Summer time to remember life savers

This story was first published July 2013


These bathers at Kew Beach were likely photographed in 1908, in the era of heroes such as Robert ‘Bob’ Berry, who risked his own life to save swimmers and boaters who found themselves facing the rough side of Lake Ontario. PHOTO: City of Toronto Archives, Fond 1244 Item 15
These bathers at Kew Beach were likely photographed in 1908, in the era of heroes such as Robert ‘Bob’ Berry, who risked his own life to save swimmers and boaters who found themselves facing the rough side of Lake Ontario.
PHOTO: City of Toronto Archives, Fond 1244 Item 15

There have been great scullers, oarsmen, swimmers and athletes who lived in the East End and on the Toronto Islands. There have been stories about shipwrecks in Lake Ontario, and of the sailors who nearly drowned, but were saved by a few people living around the islands and on the fringes of the city at Ashbridges Bay. There have been tales of storms like the ones we’ve had this summer, pounding  boats, from canoes to large merchant ships. Many lives have been lost, but many have also been saved. In the East End, there have been great people who helped others, even saving people from drowning.

This is a story that few people know, about a special person who saved countless lives in the Beach, but was never truly recognized for his great deeds. It’s time we give credit to this great life-saving champion: his name is Robert ‘Bob’ Berry.

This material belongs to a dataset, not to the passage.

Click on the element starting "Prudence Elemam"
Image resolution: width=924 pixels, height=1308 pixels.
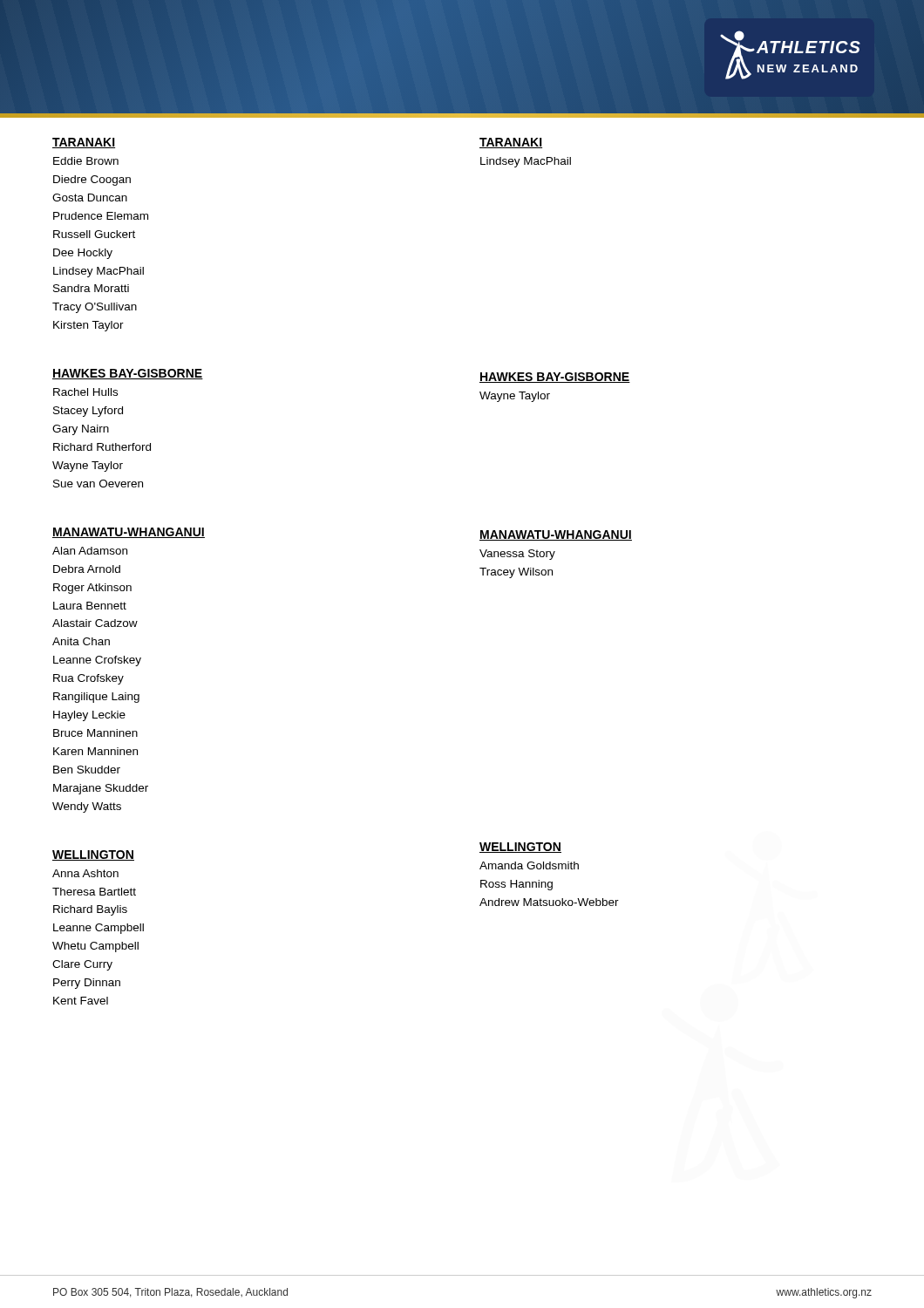tap(101, 216)

His contemporaries included people like Ned Hanlan, the Laings and several others whose names are synonymous with the East End and the Beach.

Acts of heroism are always something to marvel at, and saving lives from ‘the deep’ is very difficult. In the Beach and Ashbridges Bay area dozens were saved by Berry. He was an icon amongst other life savers.

One of the reasons many have not heard of Berry’s deeds over a century ago is that he was black. Bob was a large man, standing over six feet tall and weighing over 200 pounds, all muscle on his frame. He was an imposing figure wherever he went.

Berry had to overcome racial prejudice as a youth growing up in the East End. He was always a gentleman, and rarely threatened anyone calling him names. Berry carried himself with dignity, and was kind and charitable to everyone. He was known for his humility along with his size and strength.

Bob had many narrow escapes on the water’s edge, saving people from the stormy lake. It’s said he was one of the best fishermen in this part of the lake – he was sometimes referred to as ‘The Big Fisherman’.

Berry was a natural athlete, able to excel in all types of competition. He was a great boxer, and it was said he could have been a heavyweight champion, ranked with the American champ Jack Johnson. Many an East Ender made money betting on Berry.

Berry’s most notable achievement is the number of lives he saved. Picture this: a tramp steamer slams into a rock on Lake Ontario, battered by 60 mile an hour winds, with water filling the boat. The crew of 15 sailors cry for help. On the shoreline, two figures appear, swimming to the boat and helping the sailors to safety. One is a Mr. Ward, of Ward’s Island fame. The other is Bob Berry. The two nearly lost their own lives saving others.

Over the years Berry swam out in gales and storms and rescued countless others, including swimmers and paddlers with overturned canoes. Legend has it he was the old man of the sea, and the lake was his world. Although many owed their lives to this unsung champion, how many he saved is unknown. Mr. Ward has said Berry has saved so many and helped to avert so many potential catastrophes that no one would believe it.

If there was any East End hero to look up to and emulate, Robert ‘Bob’ Berry would be it.